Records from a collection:
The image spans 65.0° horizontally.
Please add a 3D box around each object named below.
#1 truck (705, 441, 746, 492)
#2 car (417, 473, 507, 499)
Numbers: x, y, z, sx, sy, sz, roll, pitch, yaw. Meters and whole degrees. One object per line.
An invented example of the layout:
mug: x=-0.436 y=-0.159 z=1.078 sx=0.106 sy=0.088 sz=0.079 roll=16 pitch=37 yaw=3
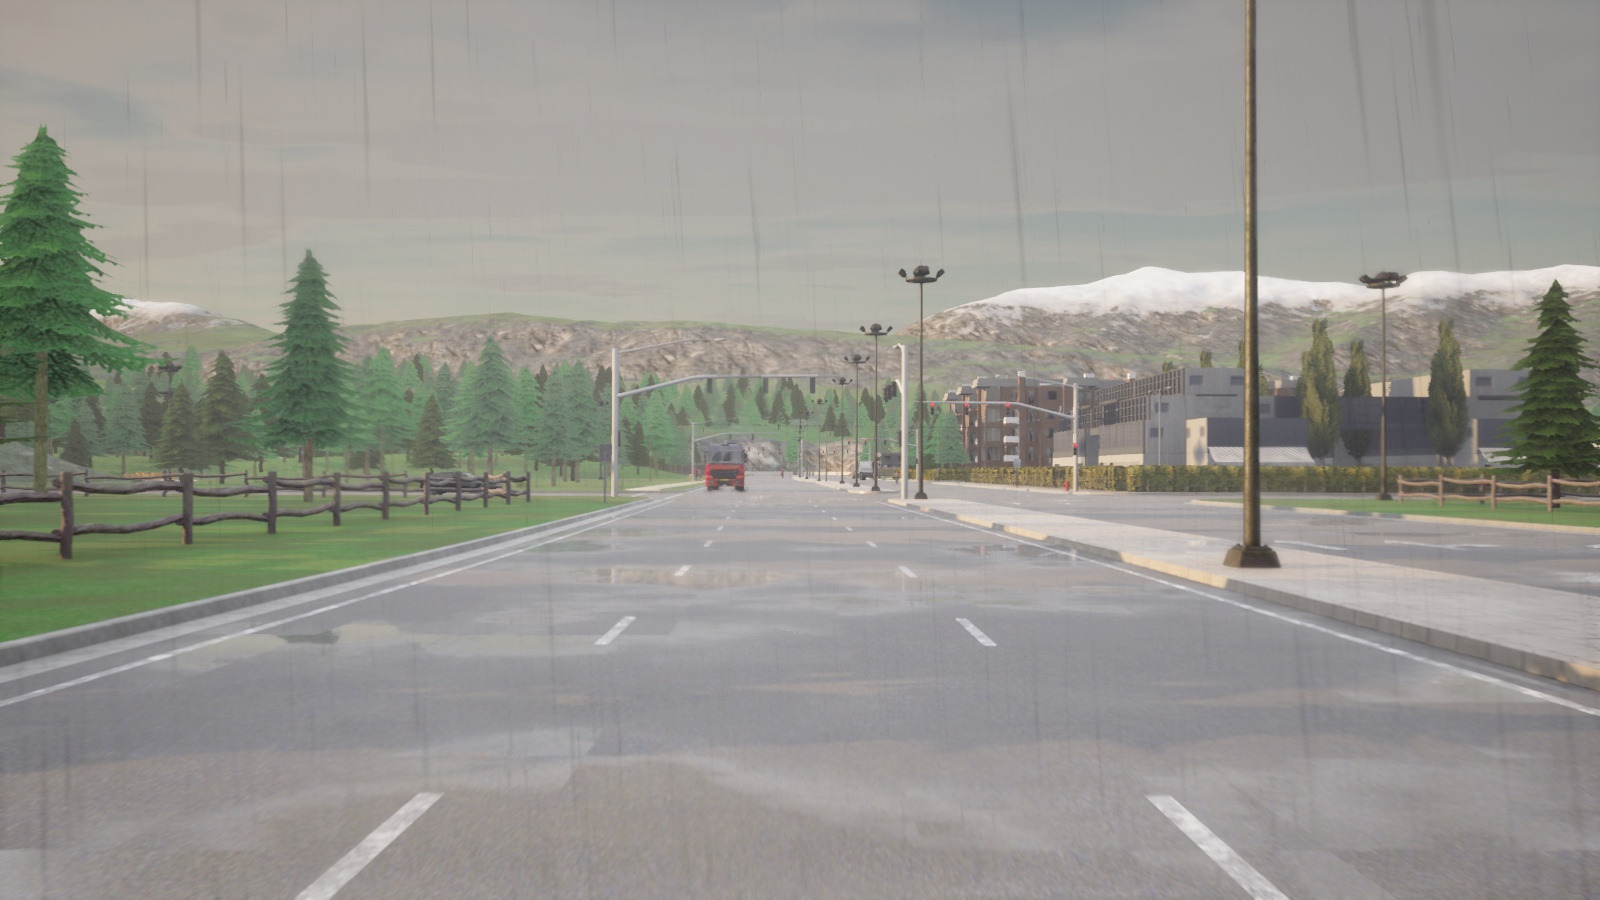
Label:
truck: x=-5.742 y=1.316 z=98.165 sx=2.891 sy=3.827 sz=8.468 roll=0 pitch=-1 yaw=-2
car: x=-20.178 y=2.151 z=75.043 sx=4.792 sy=1.488 sz=2.163 roll=0 pitch=-1 yaw=-1

§ TASK: All of the data is to be transcribed exactly, with images omitted.

§ ANSWER AREA:
The image spans 65.0° horizontally.
Please add a 3D box around each object named below.
#1 truck (705, 441, 746, 492)
#2 car (417, 473, 507, 499)
Numbers: x, y, z, sx, sy, sz, roll, pitch, yaw. Meters and whole degrees. One object per line.
An invented example of the layout:
mug: x=-0.436 y=-0.159 z=1.078 sx=0.106 sy=0.088 sz=0.079 roll=16 pitch=37 yaw=3
Label:
truck: x=-5.742 y=1.316 z=98.165 sx=2.891 sy=3.827 sz=8.468 roll=0 pitch=-1 yaw=-2
car: x=-20.178 y=2.151 z=75.043 sx=4.792 sy=1.488 sz=2.163 roll=0 pitch=-1 yaw=-1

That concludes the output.